Records from a dataset
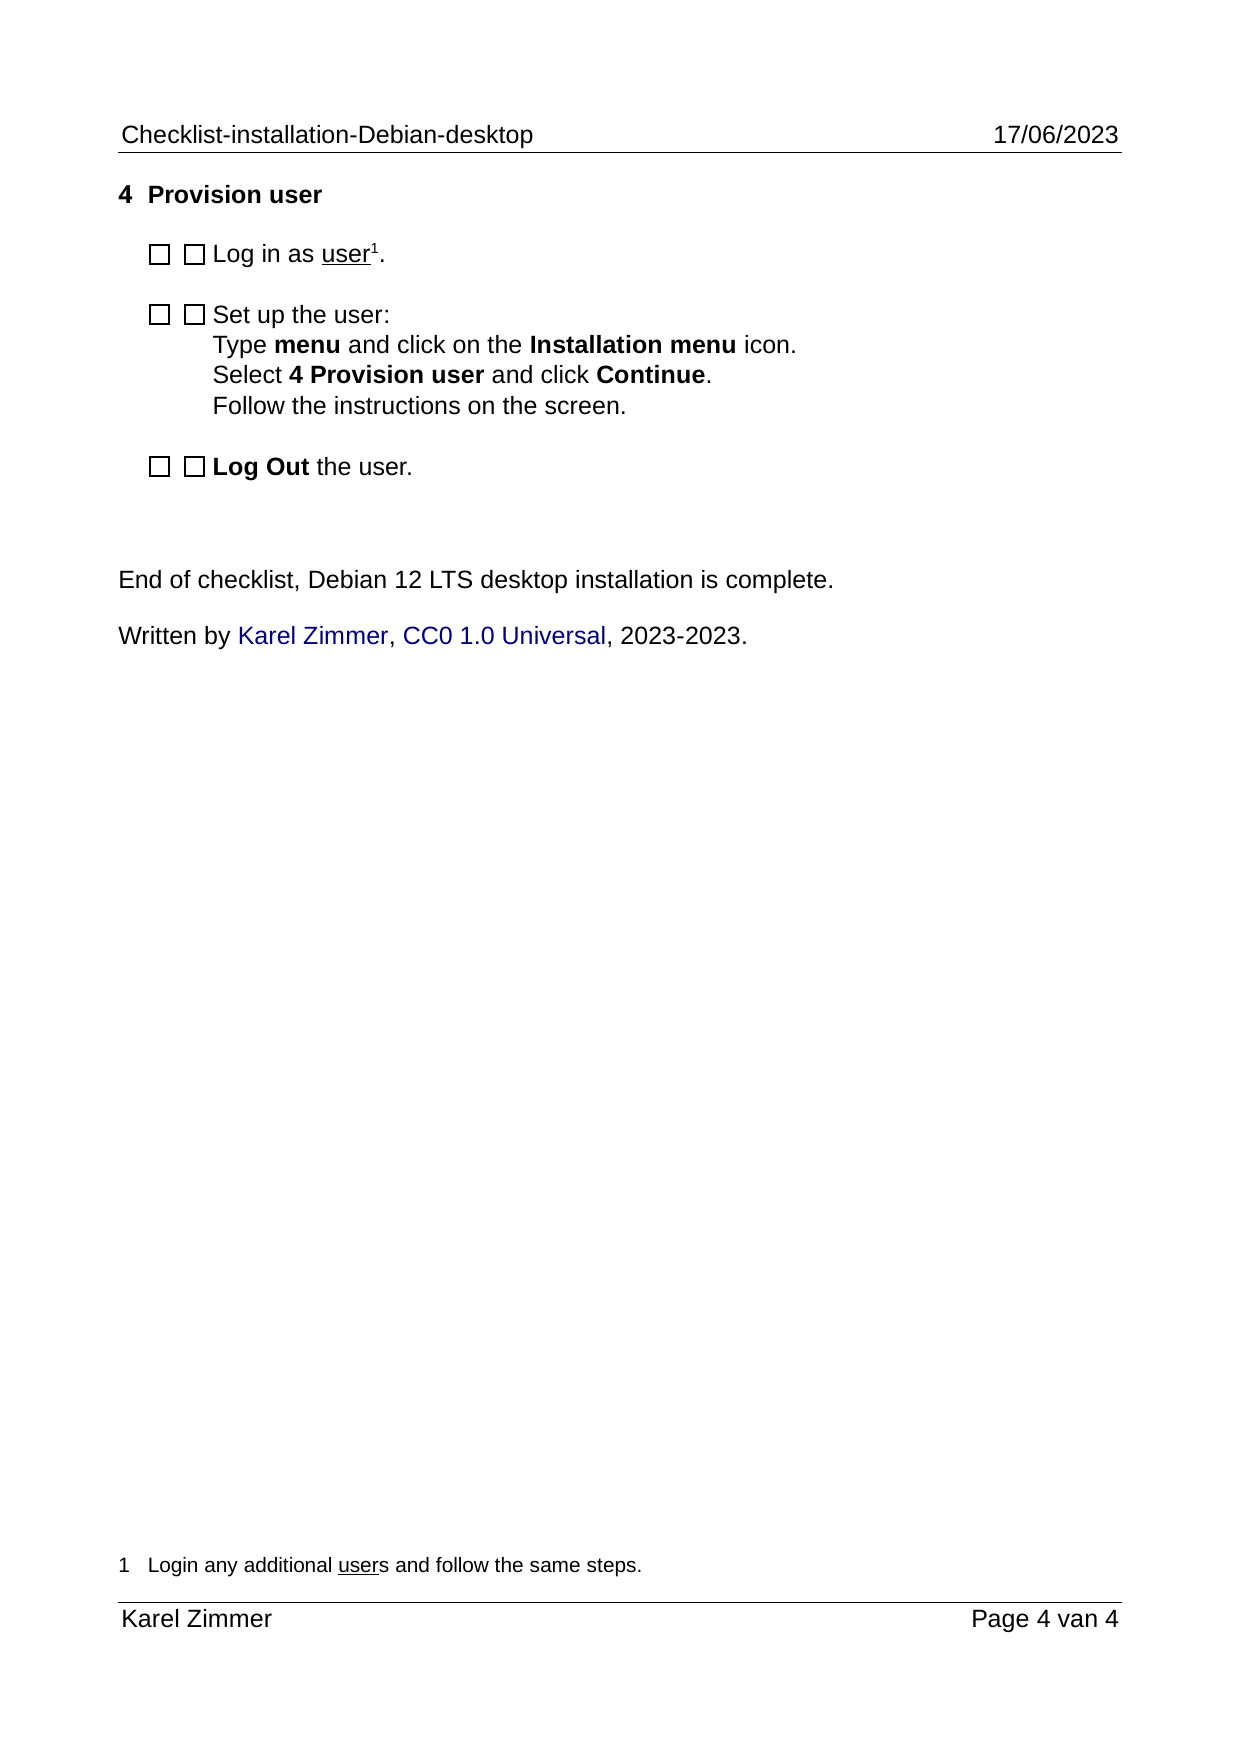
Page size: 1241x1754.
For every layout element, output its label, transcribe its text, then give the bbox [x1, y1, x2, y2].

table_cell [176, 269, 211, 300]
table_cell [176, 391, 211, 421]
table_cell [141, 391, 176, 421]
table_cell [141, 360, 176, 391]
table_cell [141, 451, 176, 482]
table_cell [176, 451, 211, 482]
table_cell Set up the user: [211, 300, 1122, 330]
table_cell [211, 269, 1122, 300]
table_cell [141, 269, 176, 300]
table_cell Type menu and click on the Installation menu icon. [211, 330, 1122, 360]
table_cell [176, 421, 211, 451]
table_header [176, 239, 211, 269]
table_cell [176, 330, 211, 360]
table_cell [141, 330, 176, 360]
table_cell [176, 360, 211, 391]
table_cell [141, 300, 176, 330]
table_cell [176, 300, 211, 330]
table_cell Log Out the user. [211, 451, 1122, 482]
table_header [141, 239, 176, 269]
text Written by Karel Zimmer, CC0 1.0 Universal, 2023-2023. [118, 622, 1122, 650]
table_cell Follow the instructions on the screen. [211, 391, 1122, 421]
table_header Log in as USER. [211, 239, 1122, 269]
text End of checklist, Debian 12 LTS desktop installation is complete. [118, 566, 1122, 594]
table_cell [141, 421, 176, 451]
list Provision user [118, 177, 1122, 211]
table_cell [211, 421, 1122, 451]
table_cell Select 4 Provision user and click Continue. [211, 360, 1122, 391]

> [YOUR TASK]:
Copy out the lines of the records above in which the string "text" appears.

> [EXERCISE SOLUTION]:
For every layout element, output its label, transcribe its text, then give the bbox [x1, y1, x2, y2].
text Written by Karel Zimmer, CC0 1.0 Universal, 2023-2023. [118, 622, 1122, 650]
text End of checklist, Debian 12 LTS desktop installation is complete. [118, 566, 1122, 594]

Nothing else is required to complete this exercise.